When a job is requires a host in energy saving state or the host is powered off, and LSF is switching the host to working state, the following event is appended by bjobs -l:
Mon Nov 5 16:40:47: Will start on 2 Hosts <host1> <host2>. Waiting for machine provisioning;
The message indicates which host is being provisioned and how many slots are requested.
bhist
When a job is dispatched to a standby host and provisioning the host to resume to working state is triggered, two events are saved into lsb.events and lsb.streams. For example:
Tue Nov 19 01:29:20: Host is being provisioned for job. Waiting for host <xxxx> to power on;
Tue Nov 19 01:30:06: Host provisioning is done;
bresources
Use bresources -p to show the configured energy aware scheduling policies.

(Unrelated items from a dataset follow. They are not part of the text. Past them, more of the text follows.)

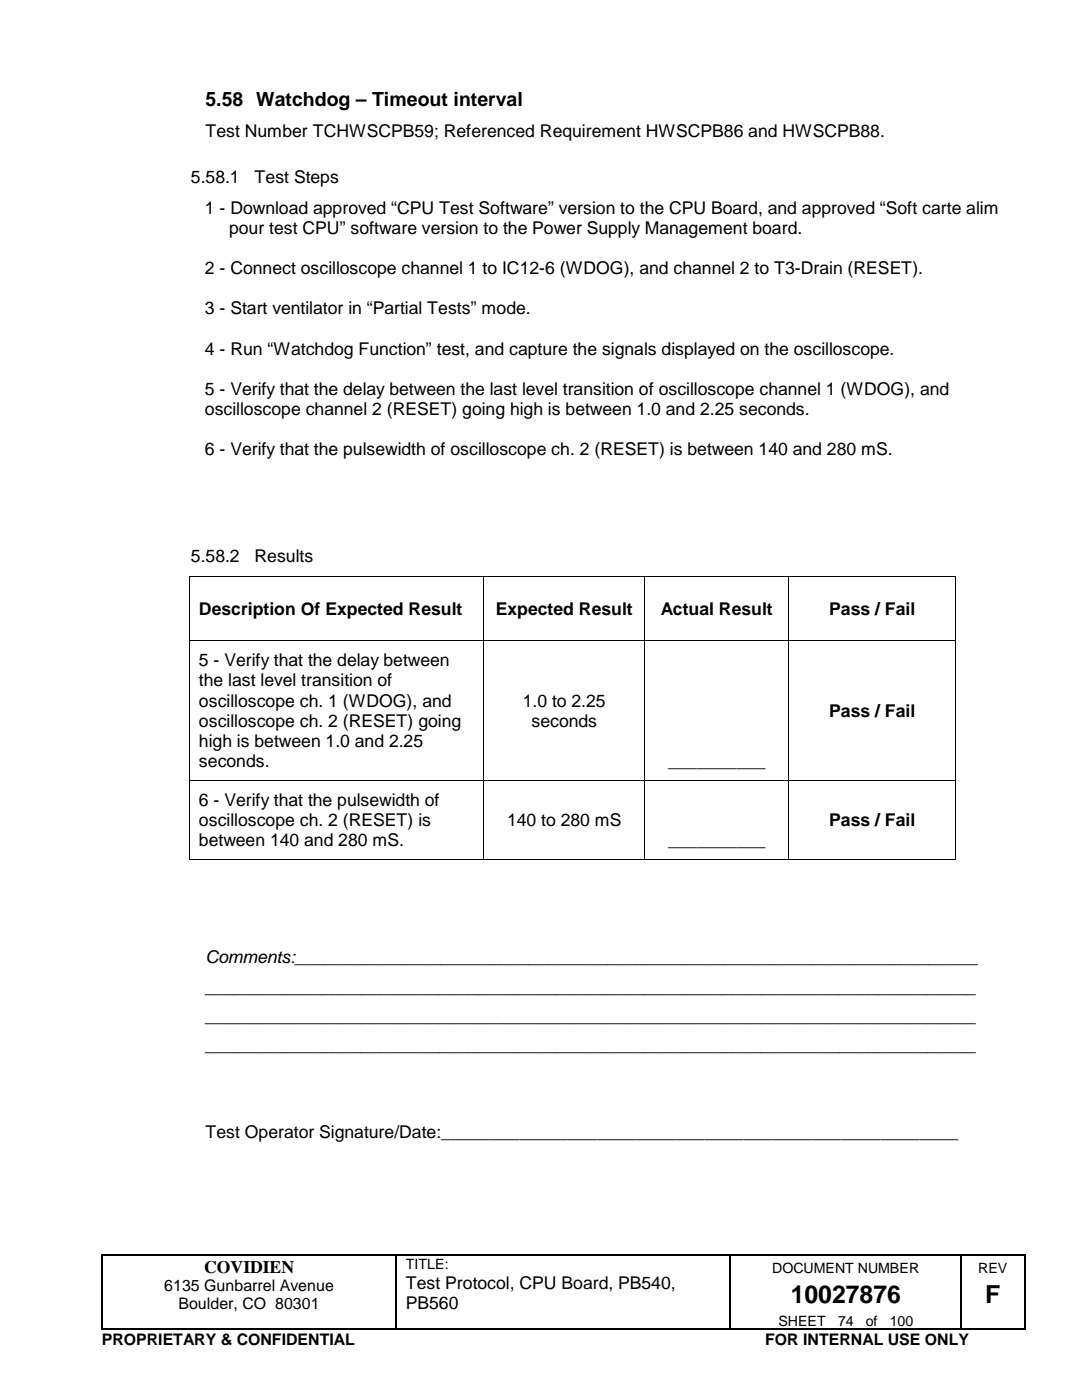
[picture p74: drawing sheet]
<svg xmlns="http://www.w3.org/2000/svg" width="216mm" height="279mm" viewBox="0 0 216 279" stroke-linecap="round" stroke-linejoin="round" font-family="sans-serif">
<defs><g id="words">
<g font-size="4.9">
<text x="157.8" y="260.1">10027876</text>
<text x="196.6" y="260.1">F</text>
</g>
<text font-size="3.9" x="41" y="21.1">5.58 Watchdog – Timeout interval</text>
<g font-size="3.5">
<text x="41" y="27.4">Test Number TCHWSCPB59; Referenced Requirement HWSCPB86 and HWSCPB88.</text>
<text x="38.1" y="36.5">5.58.1</text>
<text x="50.8" y="36.5">Test Steps</text>
<text x="40.9" y="42.6">1 - Download approved “CPU Test Software” version to the CPU Board, and approved “Soft carte alim</text>
<text x="45.7" y="46.7">pour test CPU” software version to the Power Supply Management board.</text>
<text x="40.9" y="54.7">2 - Connect oscilloscope channel 1 to IC12-6 (WDOG), and channel 2 to T3-Drain (RESET).</text>
<text x="40.9" y="62.7">3 - Start ventilator in “Partial Tests” mode.</text>
<text x="40.9" y="70.8">4 - Run “Watchdog Function” test, and capture the signals displayed on the oscilloscope.</text>
<text x="40.9" y="78.8">5 - Verify that the delay between the last level transition of oscilloscope channel 1 (WDOG), and</text>
<text x="40.9" y="82.8">oscilloscope channel 2 (RESET) going high is between 1.0 and 2.25 seconds.</text>
<text x="40.9" y="90.9">6 - Verify that the pulsewidth of oscilloscope ch. 2 (RESET) is between 140 and 280 mS.</text>
<text x="38.1" y="112.1">5.58.2</text>
<text x="50.8" y="112.1">Results</text>
<text x="39.7" y="122.7">Description Of Expected Result</text>
<text x="98.9" y="122.7">Expected Result</text>
<text x="131.9" y="122.7">Actual Result</text>
<text x="165.5" y="122.7">Pass / Fail</text>
<text x="39.7" y="133">5 - Verify that the delay between</text>
<text x="39.7" y="137">the last level transition of</text>
<text x="39.7" y="141">oscilloscope ch. 1 (WDOG), and</text>
<text x="104.3" y="141">1.0 to 2.25</text>
<text x="165.5" y="143">Pass / Fail</text>
<text x="39.7" y="145">oscilloscope ch. 2 (RESET) going</text>
<text x="39.7" y="149.1">high is between 1.0 and 2.25</text>
<text x="106" y="145">seconds</text>
<text x="39.7" y="153.1">seconds.</text>
<text x="133.3" y="153.1">__________</text>
<text x="39.7" y="160.8">6 - Verify that the pulsewidth of</text>
<text x="39.7" y="164.8">oscilloscope ch. 2 (RESET) is</text>
<text x="101.2" y="164.8">140 to 280 mS</text>
<text x="165.5" y="164.9">Pass / Fail</text>
<text x="39.7" y="168.9">between 140 and 280 mS.</text>
<text x="133.3" y="168.9">__________</text>
<text x="41" y="192.2">Comments:______________________________________________________________________</text>
<text x="41" y="198.1">_______________________________________________________________________________</text>
<text x="41" y="203.9">_______________________________________________________________________________</text>
<text x="41" y="209.8">_______________________________________________________________________________</text>
<text x="41" y="227.2">Test Operator Signature/Date:_____________________________________________________</text>
<text x="40.7" y="254">COVIDIEN</text>
<text x="81" y="257.2">Test Protocol, CPU Board, PB540,</text>
<text x="81" y="261.2">PB560</text>
</g>
<g font-size="3.2">
<text x="32.8" y="257.7">6135 Gunbarrel Avenue</text>
<text x="35.6" y="261.3">Boulder, CO 80301</text>
<text x="20.3" y="268.5">PROPRIETARY &amp; CONFIDENTIAL</text>
<text x="152.7" y="268.5">FOR INTERNAL USE ONLY</text>
</g>
<g font-size="2.8">
<text x="81" y="253.3">TITLE:</text>
<text x="154.1" y="254">DOCUMENT NUMBER</text>
<text x="195.2" y="254">REV</text>
<text x="155.3" y="264.5">SHEET</text>
<text x="167.2" y="264.5">74</text>
<text x="172.8" y="264.5">of</text>
<text x="177.5" y="264.5">100</text>
</g>
</g></defs>
<g fill="#000">
<path d="M37.7 114.9h.2v.2h-.2zM96.4 114.9h.2v.2h-.2zM128.6 114.9h.2v.2h-.2zM157.3 114.9h.2v.2h-.2zM190.6 114.9h.2v.2h-.2zM37.7 127.8h.2v.1h-.2zM96.4 127.8h.2v.1h-.2zM128.6 127.8h.2v.1h-.2zM157.3 127.8h.2v.1h-.2zM190.6 127.8h.2v.1h-.2zM37.7 155.6h.2v.2h-.2zM96.4 155.6h.2v.2h-.2z"/>
<path d="M128.6 155.6h.2v.2h-.2zM157.3 155.6h.2v.2h-.2zM190.6 155.6h.2v.2h-.2zM37.7 171.4h.2v.2h-.2zM96.4 171.4h.2v.2h-.2zM128.6 171.4h.2v.2h-.2zM157.3 171.4h.2v.2h-.2zM190.6 171.4h.2v.2h-.2zM20.2 250.4h.2v.3h-.2zM79 250.4h.2v.3h-.2zM145.6 250.4h.3v.3h-.3zM191.6 250.4h.3v.3h-.3z"/>
<path d="M204.3 250.4h.3v.3h-.3zM20.2 265.2h.2v.2h-.2zM79 265.2h.2v.2h-.2zM145.6 265.2h.3v.2h-.3zM191.6 265.2h.3v.2h-.3zM204.3 265.2h.3v.2h-.3z"/>
</g>
<g fill="none" stroke="#000" stroke-width=".25">
<path d="M20.3 250.7v14.5M20.4 250.5h58.5M79.1 250.7v14.5M79.2 250.5h66.4M145.8 250.7v14.5M145.9 250.5h45.7M191.8 250.7v14.5M191.9 250.5h12.4M204.5 250.7v14.5M20.4 265.3h58.5M79.2 265.3h66.4M145.9 265.3h45.7"/>
<path d="M191.9 265.3h12.4"/>
</g>
<g fill="none" stroke="#000" stroke-width=".2">
<path d="M37.8 115.1v12.7M37.9 115h58.5M96.5 115.1v12.7M96.6 115h32M128.7 115.1v12.7M128.8 115h28.5M157.4 115.1v12.7M157.5 115h33.1M190.7 115.1v12.7M37.8 127.9v27.7M37.9 127.9h58.5M96.5 127.9v27.7"/>
<path d="M96.6 127.9h32M128.7 127.9v27.7M128.8 127.9h28.5M157.4 127.9v27.7M157.5 127.9h33.1M190.7 127.9v27.7M37.8 155.8v15.6M37.9 155.7h58.5M96.5 155.8v15.6M96.6 155.7h32M128.7 155.8v15.6M128.8 155.7h28.5"/>
<path d="M157.4 155.8v15.6M157.5 155.7h33.1M190.7 155.8v15.6M37.9 171.5h58.5M96.6 171.5h32M128.8 171.5h28.5M157.5 171.5h33.1"/>
</g>
<use href="#words"/>
</svg>

For example:
bresources -p
Begin PowerPolicy
NAME = policy_night
HOSTS = hostGroup1 host3
TIME_WINDOW= 23:59-5:00
MIN_IDLE_TIME= 1800
CYCLE_TIME= 60
APPLIED = Yes
End PowerPolicy
Begin PowerPolicy
NAME = policy_other
HOSTS = all
TIME_WINDOW= all
APPLIED = Yes
End PowerPolicy
In the above case, “policy_night” is defined only for hostGroup1 and host3 and applies during the hours of 23:59 and 5:00. In contrast, “policy_other” covers all other hosts not included in the “policy_night” power policy (with the exception of management and management candidate hosts) and is in effect at all hours.